Walline, OD, PhD, FAAO, outlines how to predict myopia progression and delay its onset in an exclusive interview with Optometry Times.
Jeffrey Walline, OD, PhD, FAAO, discusses the complexities of myopia control, noting that individual progression rates cannot be definitively measured, but average eye growth rates are used as a benchmark. The average eye growth for an emmetropic eye is 0.1 mm/year, while a myopic eye grows at about 0.2 mm/year. Eye growth varies seasonally and with age, making it difficult to predict individual outcomes. Treatment success is assessed by comparing growth rates to these averages. Walline also mentions the evolving knowledge base in myopia control, the importance of predicting myopia, and the potential benefits of delaying myopia onset, including reduced severity and risk of sight-threatening complications. Innovative treatments are being developed to manage myopia progression.
Editor's note: This transcript has been lightly edited for clarity.
Jeffrey Walline, OD, PhD, FAAO:
When it comes to myopia control, there are no numbers for any given individual that say whether or not the treatment is working, but what we think about is the average eye growth of a particular patient. So the average eye growth of an emmetropic eye or an eye without any myopia, is about a 10th of a millimeter per year. So even those eyes that don't need glasses are still growing. The growth of a myopic eye is about 2 10th of a millimeter per year, or about double what it is for intros. However, having said that, eye growth slows with age, and it also doesn't happen just linearly. It tends to go quicker and slower, even across the year. Our eyes tend to grow more during winter months and less during summer months. So given those numbers, we really can't tell anything about individuals, whether a treatments working, but on average, those are the numbers that we keep in mind. So if somebody's growing, even under myopia control treatment, more than 2 10ths of a millimeter, we get more concerned. If they're growing somewhere between a 10th and .2 millimeters, then we're less concerned. But there is still some concern. When they're a 10th of a millimeter less, there's far less concern about trying to slow the progression of myopia.

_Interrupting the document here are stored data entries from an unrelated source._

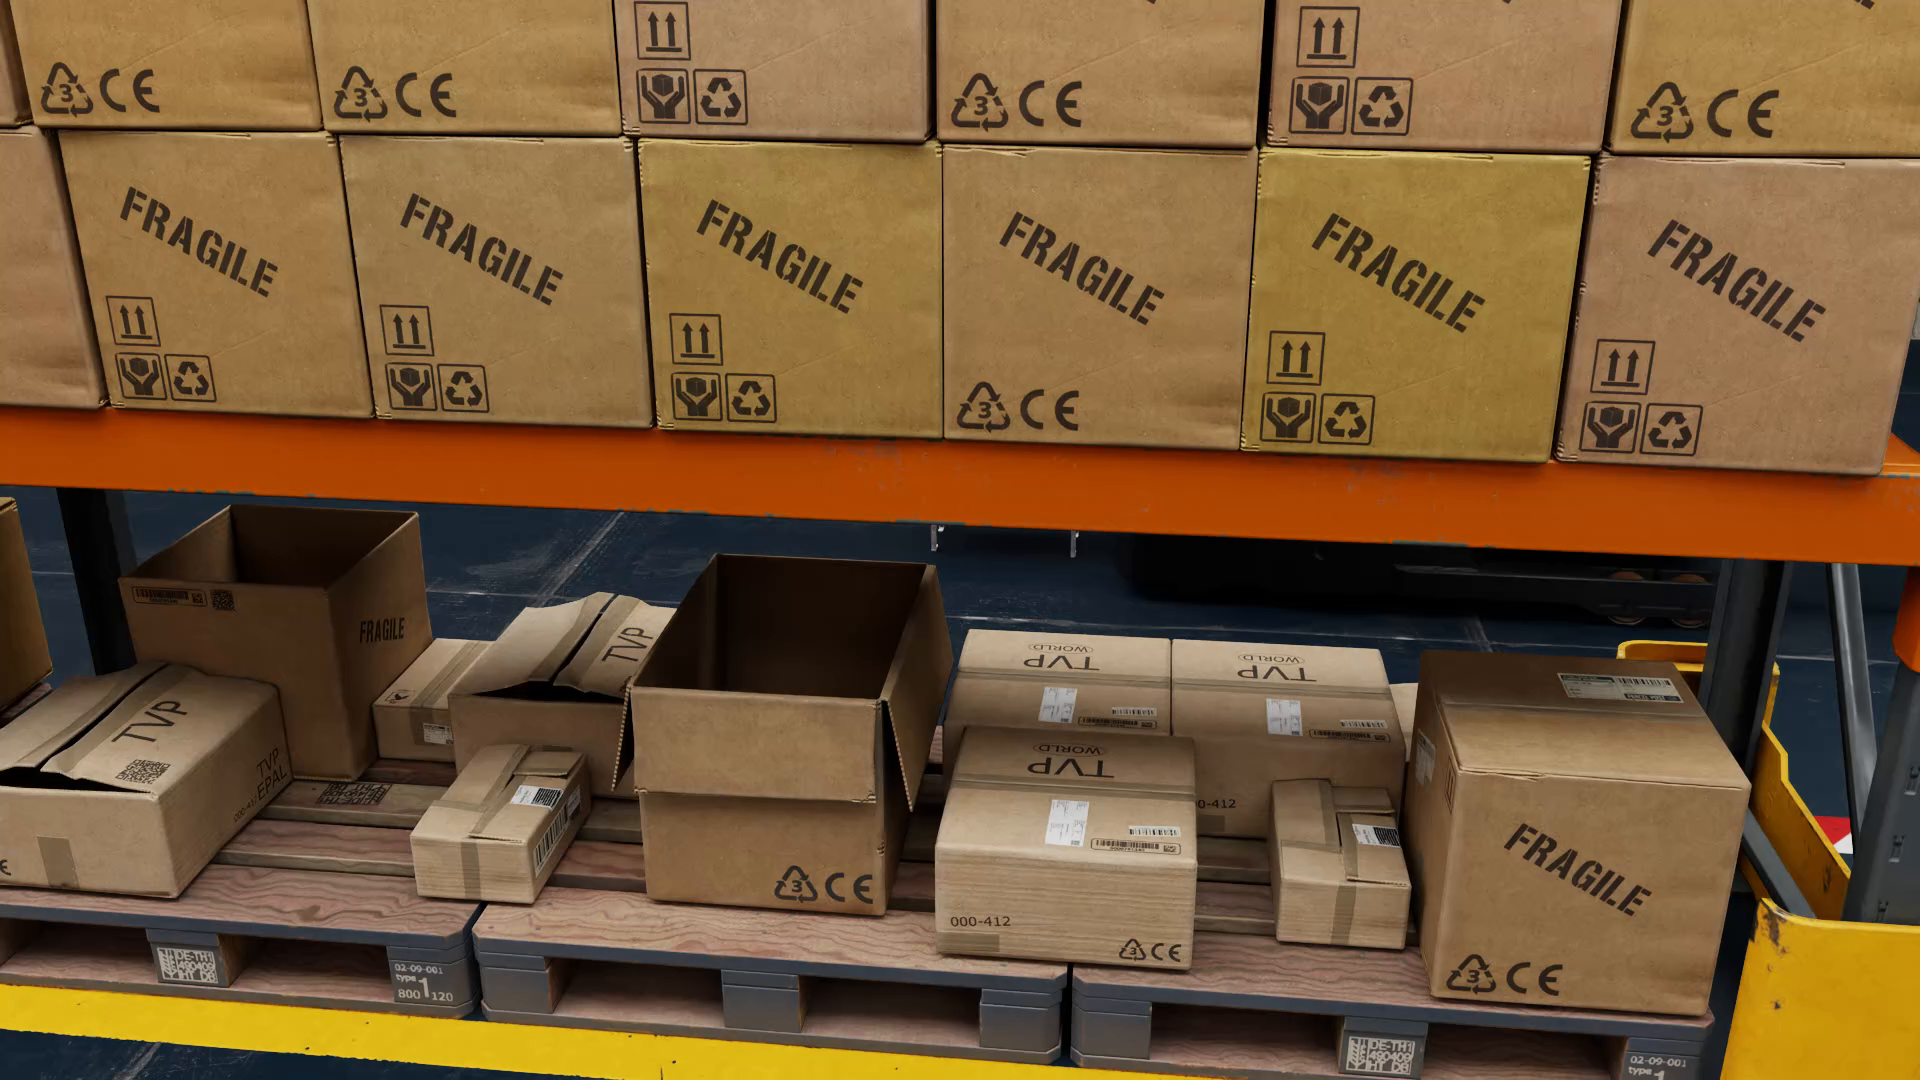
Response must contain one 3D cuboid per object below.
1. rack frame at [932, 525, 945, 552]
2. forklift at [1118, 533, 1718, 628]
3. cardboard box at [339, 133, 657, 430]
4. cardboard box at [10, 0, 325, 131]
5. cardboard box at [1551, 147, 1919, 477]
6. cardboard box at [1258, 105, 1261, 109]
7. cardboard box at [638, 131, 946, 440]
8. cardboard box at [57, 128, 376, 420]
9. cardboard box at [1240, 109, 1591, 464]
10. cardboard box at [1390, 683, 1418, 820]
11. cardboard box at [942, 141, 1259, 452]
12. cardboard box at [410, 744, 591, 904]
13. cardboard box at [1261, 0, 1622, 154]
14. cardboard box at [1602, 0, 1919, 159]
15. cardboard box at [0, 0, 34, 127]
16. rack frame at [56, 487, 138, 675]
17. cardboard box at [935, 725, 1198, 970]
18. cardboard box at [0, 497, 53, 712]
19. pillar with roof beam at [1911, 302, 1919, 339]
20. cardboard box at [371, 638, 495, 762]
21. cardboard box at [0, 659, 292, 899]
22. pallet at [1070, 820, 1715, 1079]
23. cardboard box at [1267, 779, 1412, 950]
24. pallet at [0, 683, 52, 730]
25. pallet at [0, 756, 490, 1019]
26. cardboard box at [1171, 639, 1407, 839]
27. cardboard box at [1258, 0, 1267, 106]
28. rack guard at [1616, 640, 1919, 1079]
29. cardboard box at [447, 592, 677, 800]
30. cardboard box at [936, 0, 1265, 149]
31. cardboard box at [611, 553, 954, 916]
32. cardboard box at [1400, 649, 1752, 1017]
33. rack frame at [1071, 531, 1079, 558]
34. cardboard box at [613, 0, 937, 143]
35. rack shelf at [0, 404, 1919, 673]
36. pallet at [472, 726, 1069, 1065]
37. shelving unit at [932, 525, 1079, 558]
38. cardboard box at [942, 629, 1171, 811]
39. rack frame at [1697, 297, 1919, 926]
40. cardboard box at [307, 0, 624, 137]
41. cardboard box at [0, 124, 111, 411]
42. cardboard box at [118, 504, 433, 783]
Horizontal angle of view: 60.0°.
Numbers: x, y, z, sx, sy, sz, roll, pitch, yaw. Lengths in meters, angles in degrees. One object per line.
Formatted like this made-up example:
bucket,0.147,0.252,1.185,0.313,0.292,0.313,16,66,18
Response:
rack frame,-0.078,-0.561,5.728,0.015,1.200,0.240,2,22,6
forklift,2.079,-1.292,5.222,3.031,2.935,1.130,2,22,6
cardboard box,-0.755,-0.523,3.047,0.500,0.500,0.500,2,22,6
cardboard box,-1.287,-1.008,2.913,0.500,0.500,0.500,2,22,5
cardboard box,1.261,-0.435,2.824,0.500,0.500,0.500,3,22,8
cardboard box,0.815,-0.651,3.370,0.500,0.500,0.500,2,22,6
cardboard box,-0.250,-0.502,2.993,0.500,0.500,0.500,2,22,6
cardboard box,-1.252,-0.546,3.104,0.500,0.500,0.500,3,22,7
cardboard box,0.745,-0.456,2.878,0.500,0.500,0.500,3,22,7
cardboard box,1.114,0.490,3.876,0.250,0.166,0.380,2,22,6
cardboard box,0.250,-0.480,2.937,0.500,0.500,0.500,3,22,7
cardboard box,-0.983,0.602,3.592,0.250,0.166,0.380,2,22,6
cardboard box,0.761,-0.920,2.692,0.500,0.500,0.500,3,22,8
cardboard box,1.263,-0.899,2.637,0.500,0.500,0.500,2,22,6
cardboard box,-1.800,-1.030,2.969,0.500,0.500,0.500,3,22,8
rack frame,-2.235,-0.642,3.483,0.127,3.000,1.000,2,22,6
cardboard box,0.229,0.620,3.433,0.500,0.250,0.500,2,22,6
cardboard box,-2.686,0.206,4.139,0.500,0.500,0.500,2,22,4
pillar with roof beam,4.593,-3.694,3.045,0.400,9.000,9.100,2,22,6
cardboard box,-1.256,0.395,4.140,0.250,0.149,0.380,2,22,6
cardboard box,-1.843,0.501,3.650,0.500,0.311,0.500,2,22,6
pallet,0.870,0.791,3.652,1.213,0.211,1.003,2,22,6
cardboard box,0.777,0.661,3.444,0.250,0.166,0.380,2,22,6
pallet,-3.047,0.634,4.050,1.213,0.211,1.003,2,22,6
pallet,-1.553,0.685,3.919,1.213,0.211,1.003,2,22,6
cardboard box,0.734,0.457,3.846,0.500,0.250,0.500,2,22,6
cardboard box,0.808,-1.115,3.185,0.500,0.500,0.500,3,22,7
rack guard,1.662,0.691,3.513,0.348,0.500,1.175,2,22,6
cardboard box,-0.891,0.358,4.014,0.500,0.311,0.500,2,22,6
cardboard box,0.246,-0.941,2.744,0.500,0.500,0.500,3,22,8
cardboard box,-0.368,0.394,3.660,0.637,0.503,0.797,2,22,6
cardboard box,1.169,0.556,3.256,0.500,0.500,0.500,2,22,6
rack frame,0.407,-0.540,5.674,0.015,1.200,0.240,2,22,6
cardboard box,-0.264,-0.963,2.801,0.500,0.500,0.500,3,22,8
rack shelf,-0.249,-0.220,3.396,4.000,0.370,1.077,2,22,6
pallet,-0.338,0.737,3.788,1.213,0.211,1.003,2,22,6
shelving unit,0.164,-0.551,5.701,0.503,1.200,0.258,2,22,6
cardboard box,0.238,0.435,3.901,0.500,0.250,0.500,2,22,6
rack frame,1.738,-0.468,3.045,0.127,3.000,1.000,2,22,6
cardboard box,-0.777,-0.985,2.856,0.500,0.500,0.500,2,22,5
cardboard box,-1.761,-0.567,3.157,0.500,0.500,0.500,3,22,8
cardboard box,-1.635,0.237,4.061,0.500,0.500,0.500,2,22,6

The other thing we have to keep in mind is that the previous year's growth of the eye has almost no predictability for the next year's growth of the eye. So that kind of indicates that we should provide myopia control for all myopic patients, as opposed to just those ones whose eyes grew quickly over the past year. So I think our knowledge base is evolving, and those are some of the things that we can take away, but we still got a long way to go.

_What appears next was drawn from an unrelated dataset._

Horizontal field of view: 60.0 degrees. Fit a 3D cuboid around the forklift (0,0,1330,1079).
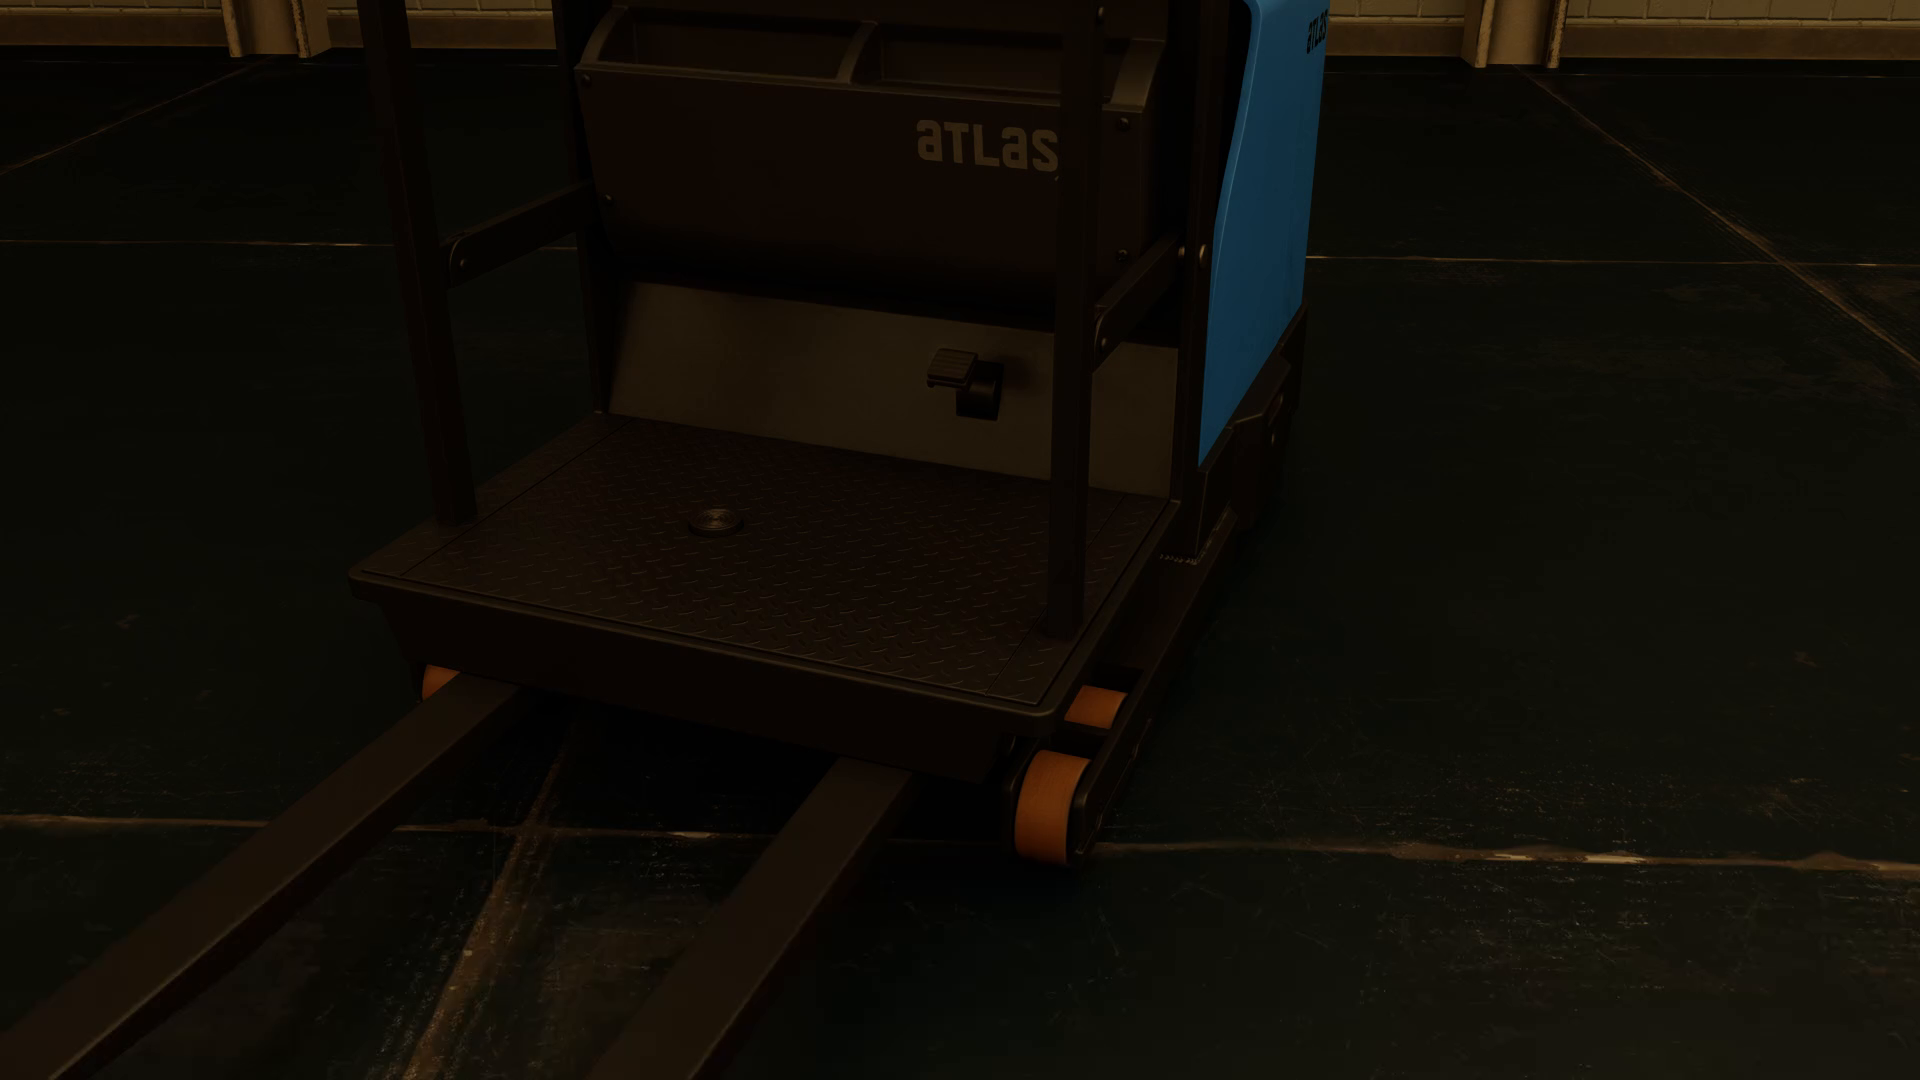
[{"bbox_3d":[-0.225,-1.054,2.157,1.130,2.935,3.031,10,28,19],"label":"forklift"}]

I think one of the areas that we're really delving into right now is predicting myopia, which we're actually pretty good at. All we have to do is measure the refractive error of the eye, but once we predict it, then the goal is to try and delay the onset of myopia. That has a couple of potential effects. The first one is obviously that you won't have to wear glasses until you reach an older age. But the second one that we think is true is if we can delay the onset, ultimately, as an adult, you will be less myopic. And so that's where we're headed next is with just eye drops that we can give to patients before they become myopic, and we delay the onset, and ultimately make them less myopic as adults, so that their risk of sight threatening complications is therefore potentially lower as well. So I think that's where the direction of myopia control is headed that's new and different. And then, of course, we'll come up with innovative treatments that patients can can use to try and slow the progression of myopia once the onset occurs.